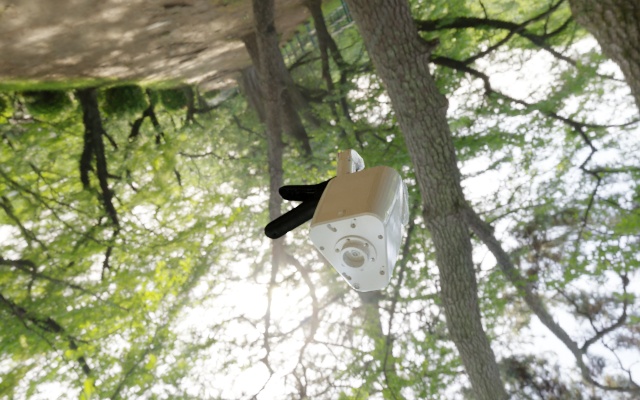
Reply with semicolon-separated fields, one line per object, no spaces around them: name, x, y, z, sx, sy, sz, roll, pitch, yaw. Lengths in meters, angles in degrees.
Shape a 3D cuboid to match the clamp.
clamp;0.001;0.003;0.664;0.171;0.039;0.120;-14;35;26

####

### Directions for this task
Every line of the listing above is to be repeated exactly, with its pictures left out.

### Solution for this task
Reply with semicolon-separated fields, one line per object, no spaces around them: name, x, y, z, sx, sy, sz, roll, pitch, yaw. Lengths in meters, angles in degrees.
Shape a 3D cuboid to match the clamp.
clamp;0.001;0.003;0.664;0.171;0.039;0.120;-14;35;26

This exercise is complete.